(TRY IT):
Write out the records beneath this line exactly as they appear, minus any images.

Dataset records:
*** Block opens ***
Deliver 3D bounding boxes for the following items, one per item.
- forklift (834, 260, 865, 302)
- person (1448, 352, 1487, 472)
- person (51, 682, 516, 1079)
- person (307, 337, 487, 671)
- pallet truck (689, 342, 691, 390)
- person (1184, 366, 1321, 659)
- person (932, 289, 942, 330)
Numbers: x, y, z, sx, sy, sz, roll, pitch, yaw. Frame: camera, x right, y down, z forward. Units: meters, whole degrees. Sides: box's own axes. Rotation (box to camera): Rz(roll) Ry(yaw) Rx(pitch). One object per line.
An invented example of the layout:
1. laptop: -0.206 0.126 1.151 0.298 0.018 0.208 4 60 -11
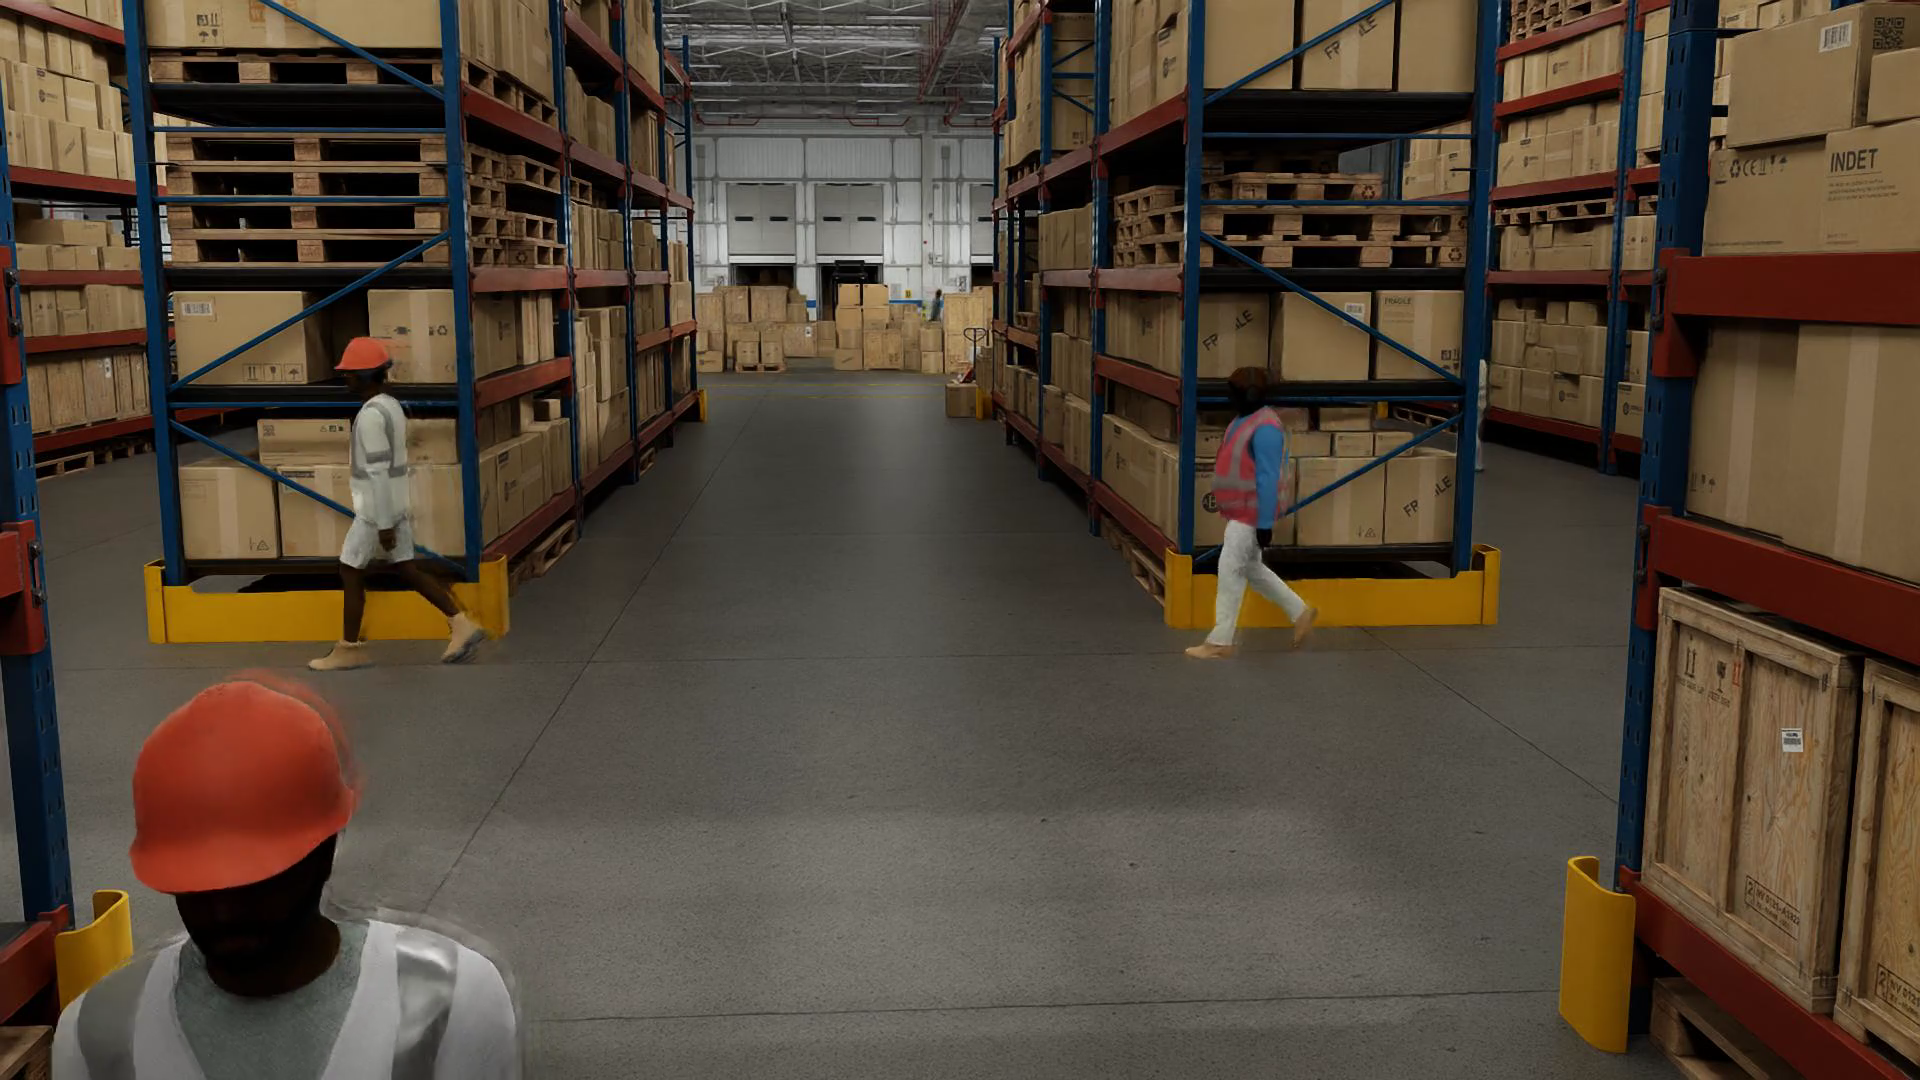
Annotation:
1. forklift: -3.397 -7.253 51.371 1.129 2.768 1.873 -1 9 -4
2. person: 6.030 -1.558 19.600 0.350 1.605 0.585 9 12 43
3. person: -0.824 1.073 2.184 0.547 1.910 0.841 -2 9 -13
4. person: -3.381 -0.206 9.893 0.996 2.015 0.617 0 9 -3
5. pallet truck: -5.225 -3.008 27.480 1.885 1.965 0.823 2 9 14
6. person: 1.826 -0.166 10.211 0.810 1.816 0.634 -1 9 -3
7. person: -0.877 -7.773 57.765 0.992 1.896 0.632 0 9 0
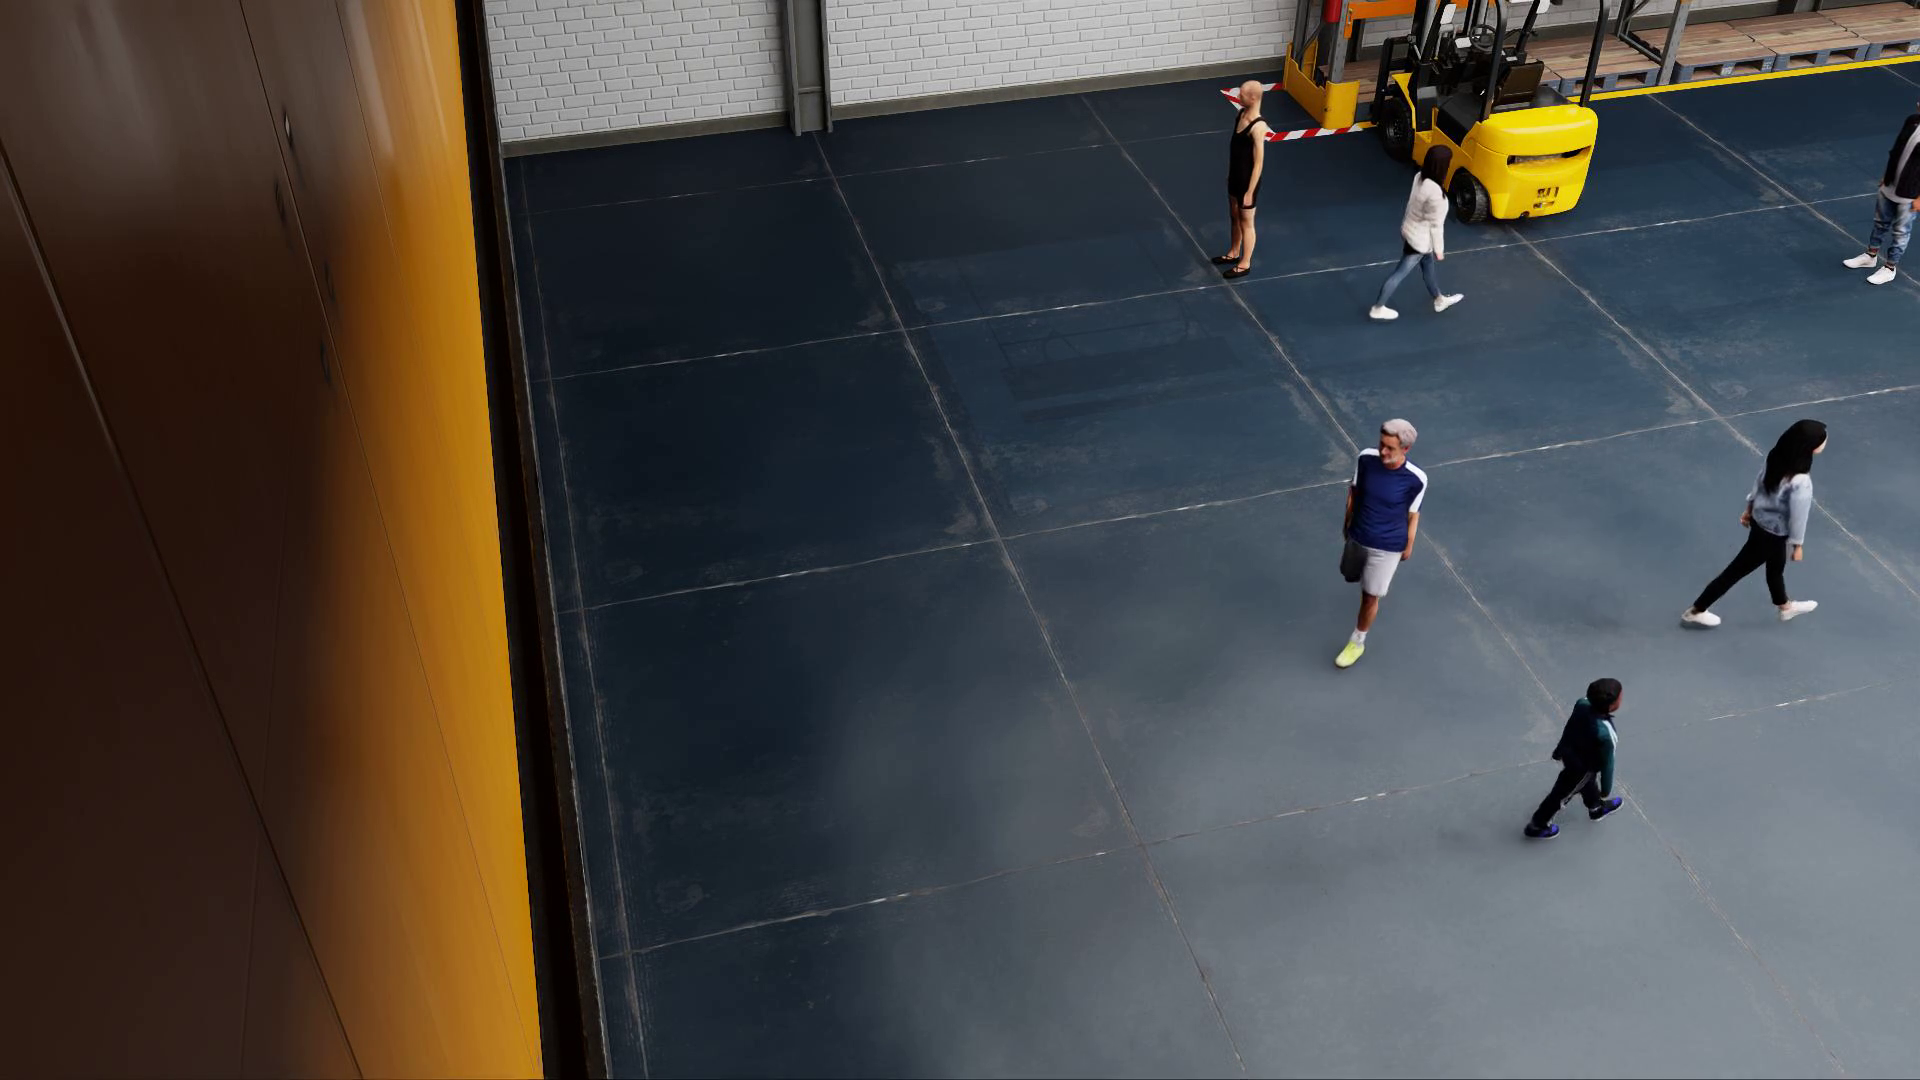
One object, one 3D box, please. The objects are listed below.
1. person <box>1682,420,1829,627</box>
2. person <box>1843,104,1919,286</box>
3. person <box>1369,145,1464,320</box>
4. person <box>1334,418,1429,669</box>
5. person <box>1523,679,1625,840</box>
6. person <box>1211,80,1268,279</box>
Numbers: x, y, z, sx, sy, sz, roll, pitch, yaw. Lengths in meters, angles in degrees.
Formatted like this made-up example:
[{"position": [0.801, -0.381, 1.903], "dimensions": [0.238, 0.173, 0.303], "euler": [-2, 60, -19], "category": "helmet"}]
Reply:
*** Block closes ***
(PROBLEM SOLUTION):
Deliver 3D bounding boxes for the following items, one per item.
- forklift (834, 260, 865, 302)
- person (1448, 352, 1487, 472)
- person (51, 682, 516, 1079)
- person (307, 337, 487, 671)
- pallet truck (689, 342, 691, 390)
- person (1184, 366, 1321, 659)
- person (932, 289, 942, 330)
Numbers: x, y, z, sx, sy, sz, roll, pitch, yaw. Frame: camera, x right, y down, z forward. Units: meters, whole degrees. Sides: box's own axes. Rotation (box to camera): Rz(roll) Ry(yaw) Rx(pitch). One object per line.
An invented example of the layout:
1. laptop: -0.206 0.126 1.151 0.298 0.018 0.208 4 60 -11
Annotation:
1. forklift: -3.397 -7.253 51.371 1.129 2.768 1.873 -1 9 -4
2. person: 6.030 -1.558 19.600 0.350 1.605 0.585 9 12 43
3. person: -0.824 1.073 2.184 0.547 1.910 0.841 -2 9 -13
4. person: -3.381 -0.206 9.893 0.996 2.015 0.617 0 9 -3
5. pallet truck: -5.225 -3.008 27.480 1.885 1.965 0.823 2 9 14
6. person: 1.826 -0.166 10.211 0.810 1.816 0.634 -1 9 -3
7. person: -0.877 -7.773 57.765 0.992 1.896 0.632 0 9 0
One object, one 3D box, please. The objects are listed below.
1. person <box>1682,420,1829,627</box>
2. person <box>1843,104,1919,286</box>
3. person <box>1369,145,1464,320</box>
4. person <box>1334,418,1429,669</box>
5. person <box>1523,679,1625,840</box>
6. person <box>1211,80,1268,279</box>
Numbers: x, y, z, sx, sy, sz, roll, pitch, yaw. Lengths in meters, angles in degrees.
Formatted like this made-up example:
[{"position": [0.801, -0.381, 1.903], "dimensions": [0.238, 0.173, 0.303], "euler": [-2, 60, -19], "category": "helmet"}]
Reply:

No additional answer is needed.